Noise analysis of a quasi-phase-matched quantum frequency converter and higher-order counter-propagating SPDC
- URL: http://arxiv.org/abs/2407.03845v1
- Date: Thu, 4 Jul 2024 11:27:57 GMT
- Title: Noise analysis of a quasi-phase-matched quantum frequency converter and higher-order counter-propagating SPDC
- Authors: Felix Mann, Helen M. Chrzanowski, Felipe Gewers, Marlon Placke, Sven Ramelow,
- Abstract summary: Quantum frequency conversion (QFC) will be an indispensable ingredient in future quantum technologies.

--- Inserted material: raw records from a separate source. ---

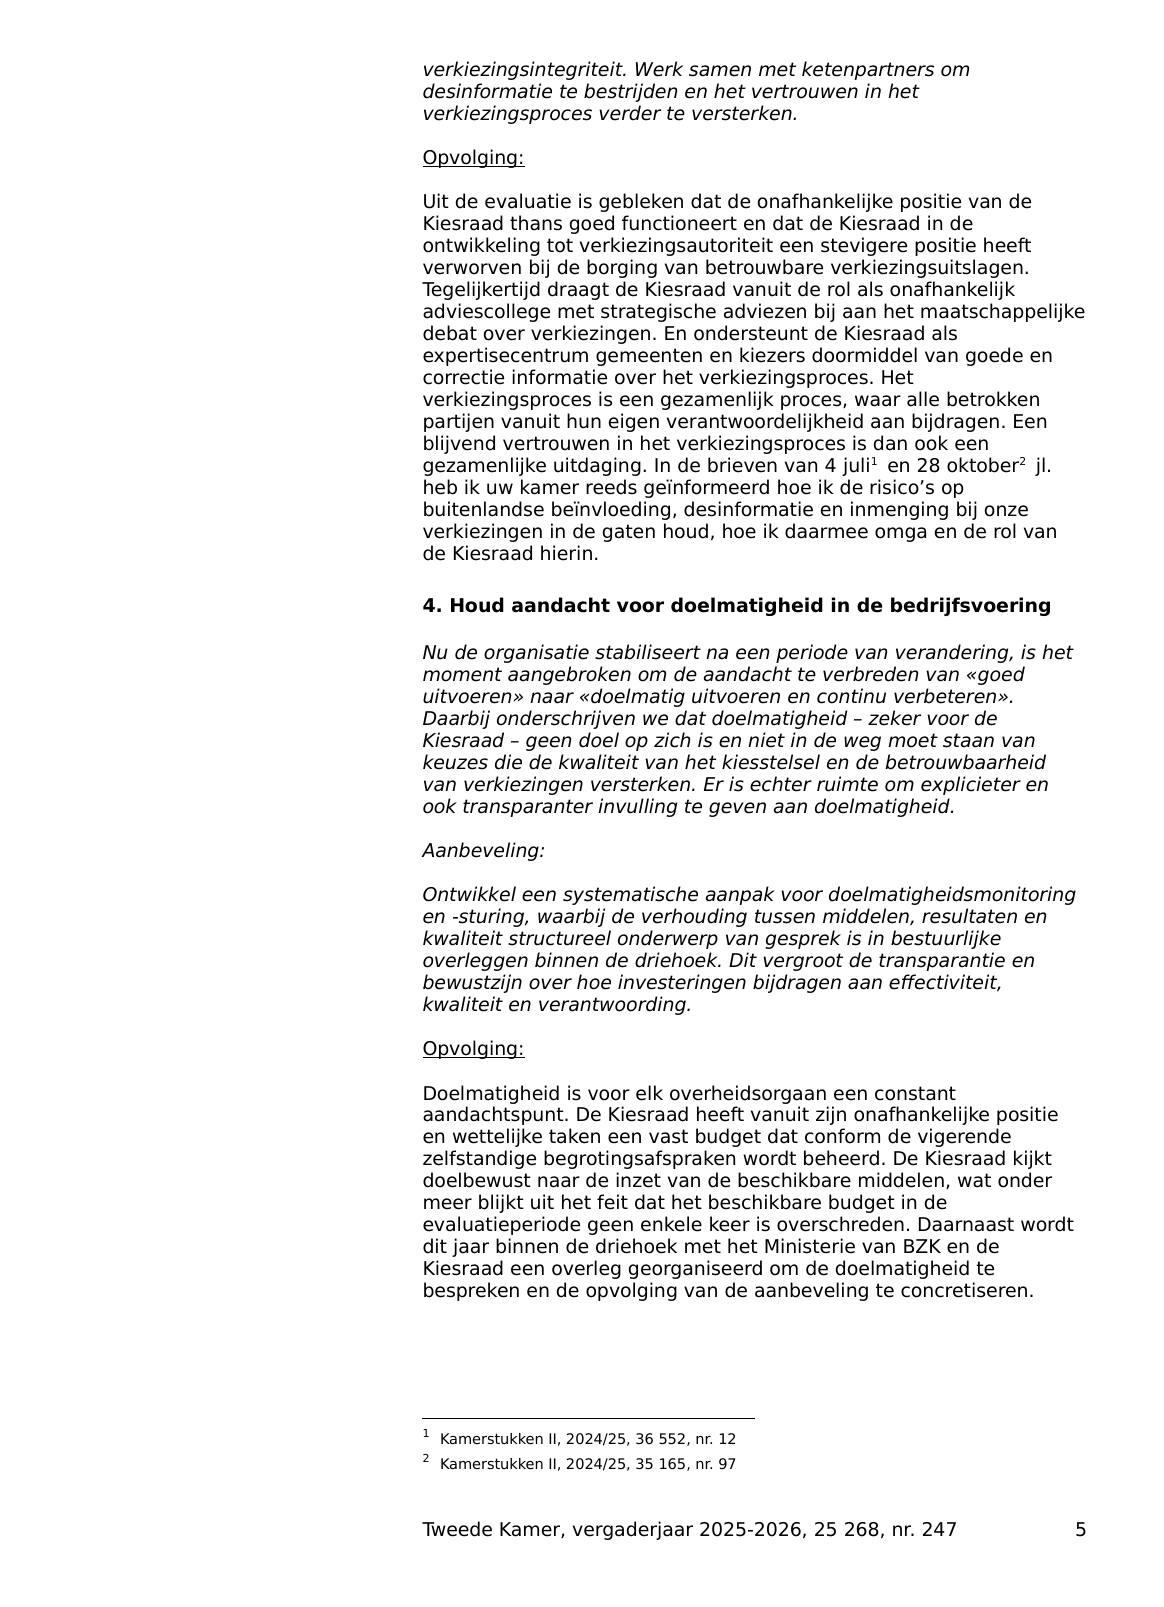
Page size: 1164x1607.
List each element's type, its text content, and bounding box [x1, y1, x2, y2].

subtitle Opvolging: [422, 147, 1087, 169]
subtitle 4. Houd aandacht voor doelmatigheid in de bedrijfsvoering [422, 595, 1087, 617]
text Ontwikkel een systematische aanpak voor doelmatigheidsmonitoring en -sturing, waarbij de verhouding tussen middelen, resultaten en kwaliteit structureel onderwerp van gesprek is in bestuurlijke overleggen binnen de driehoek. Dit vergroot de transparantie en bewustzijn over hoe investeringen bijdragen aan effectiviteit, kwaliteit en verantwoording. [422, 884, 1087, 1016]
text Kamerstukken II, 2024/25, 35 165, nr. 97 [422, 1452, 1087, 1474]
text verkiezingsintegriteit. Werk samen met ketenpartners om desinformatie te bestrijden en het vertrouwen in het verkiezingsproces verder te versterken. [422, 59, 1087, 125]
text Doelmatigheid is voor elk overheidsorgaan een constant aandachtspunt. De Kiesraad heeft vanuit zijn onafhankelijke positie en wettelijke taken een vast budget dat conform de vigerende zelfstandige begrotingsafspraken wordt beheerd. De Kiesraad kijkt doelbewust naar de inzet van de beschikbare middelen, wat onder meer blijkt uit het feit dat het beschikbare budget in de evaluatieperiode geen enkele keer is overschreden. Daarnaast wordt dit jaar binnen de driehoek met het Ministerie van BZK en de Kiesraad een overleg georganiseerd om de doelmatigheid te bespreken en de opvolging van de aanbeveling te concretiseren. [422, 1082, 1087, 1302]
text Uit de evaluatie is gebleken dat de onafhankelijke positie van de Kiesraad thans goed functioneert en dat de Kiesraad in de ontwikkeling tot verkiezingsautoriteit een stevigere positie heeft verworven bij de borging van betrouwbare verkiezingsuitslagen. Tegelijkertijd draagt de Kiesraad vanuit de rol als onafhankelijk adviescollege met strategische adviezen bij aan het maatschappelijke debat over verkiezingen. En ondersteunt de Kiesraad als expertisecentrum gemeenten en kiezers doormiddel van goede en correctie informatie over het verkiezingsproces. Het verkiezingsproces is een gezamenlijk proces, waar alle betrokken partijen vanuit hun eigen verantwoordelijkheid aan bijdragen. Een blijvend vertrouwen in het verkiezingsproces is dan ook een gezamenlijke uitdaging. In de brieven van 4 juli en 28 oktober jl. heb ik uw kamer reeds geïnformeerd hoe ik de risico’s op buitenlandse beïnvloeding, desinformatie en inmenging bij onze verkiezingen in de gaten houd, hoe ik daarmee omga en de rol van de Kiesraad hierin. [422, 191, 1087, 565]
subtitle Aanbeveling: [422, 840, 1087, 862]
text Nu de organisatie stabiliseert na een periode van verandering, is het moment aangebroken om de aandacht te verbreden van «goed uitvoeren» naar «doelmatig uitvoeren en continu verbeteren». Daarbij onderschrijven we dat doelmatigheid – zeker voor de Kiesraad – geen doel op zich is en niet in de weg moet staan van keuzes die de kwaliteit van het kiesstelsel en de betrouwbaarheid van verkiezingen versterken. Er is echter ruimte om explicieter en ook transparanter invulling te geven aan doelmatigheid. [422, 642, 1087, 818]
subtitle Opvolging: [422, 1038, 1087, 1060]
text Kamerstukken II, 2024/25, 36 552, nr. 12 [422, 1427, 1087, 1449]
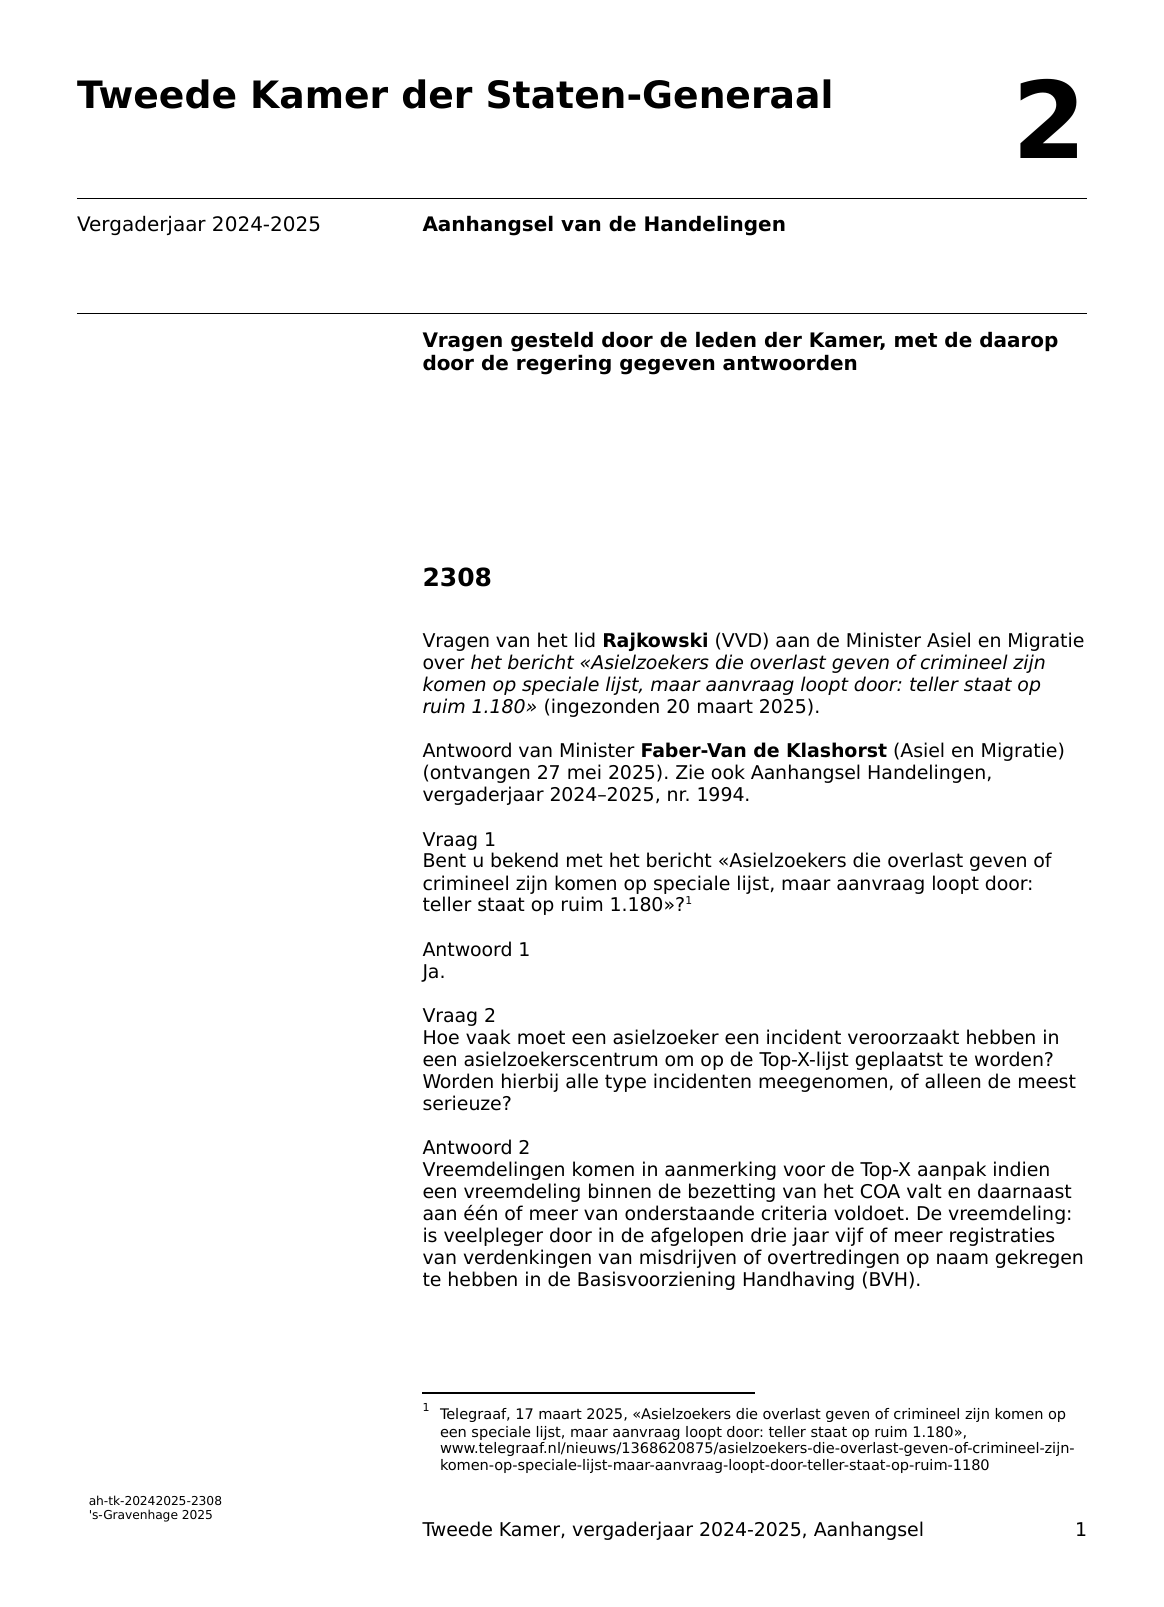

Here we investigate the noise spectrum of a frequency converter pumped by a CW 1064 nm laser.
- Score: 0.0
- License: http://creativecommons.org/licenses/by/4.0/
- Abstract: Quantum frequency conversion (QFC) will be an indispensable ingredient in future quantum technologies. For example, large-scale fibre-based quantum networks will require QFC to interconnect heterogeneous building blocks like emitters, channels, memories and detectors. The performance of existing QFC devices - typically realised in periodically-poled nonlinear crystals - is often severely limited by parasitic noise that arises when the pump wavelength lies between the wavelengths which are inter-converted. Here we investigate the noise spectrum of a frequency converter pumped by a CW 1064 nm laser. The converter was realised as a monolithic bulk pump enhancement cavity made from a periodically-poled potassium titanyl phosphate (ppKTP) crystal - quasi-phase-matched for the conversion of 637 nm to 1587 nm. In the range from 1140 nm to 1330 nm (up to 60 THz from the pump) Stokes-Raman resonances can be identified as the dominant noise source while the noise in the range from 1330 nm to 1650 nm can be attributed mainly to parasitic spontaneous parametric down-conversion (SPDC). Further, a succession of narrow-band peaks is observed in the spectrum originating from higher-order counter-propagating SPDC. Both types of counter-propagation, where either the lower-energy idler photon or the higher-energy signal photon counter-propagate relative to the pump beam, are observed, with narrow-band peaks corresponding to 10th to 44th order quasi-phase-matching.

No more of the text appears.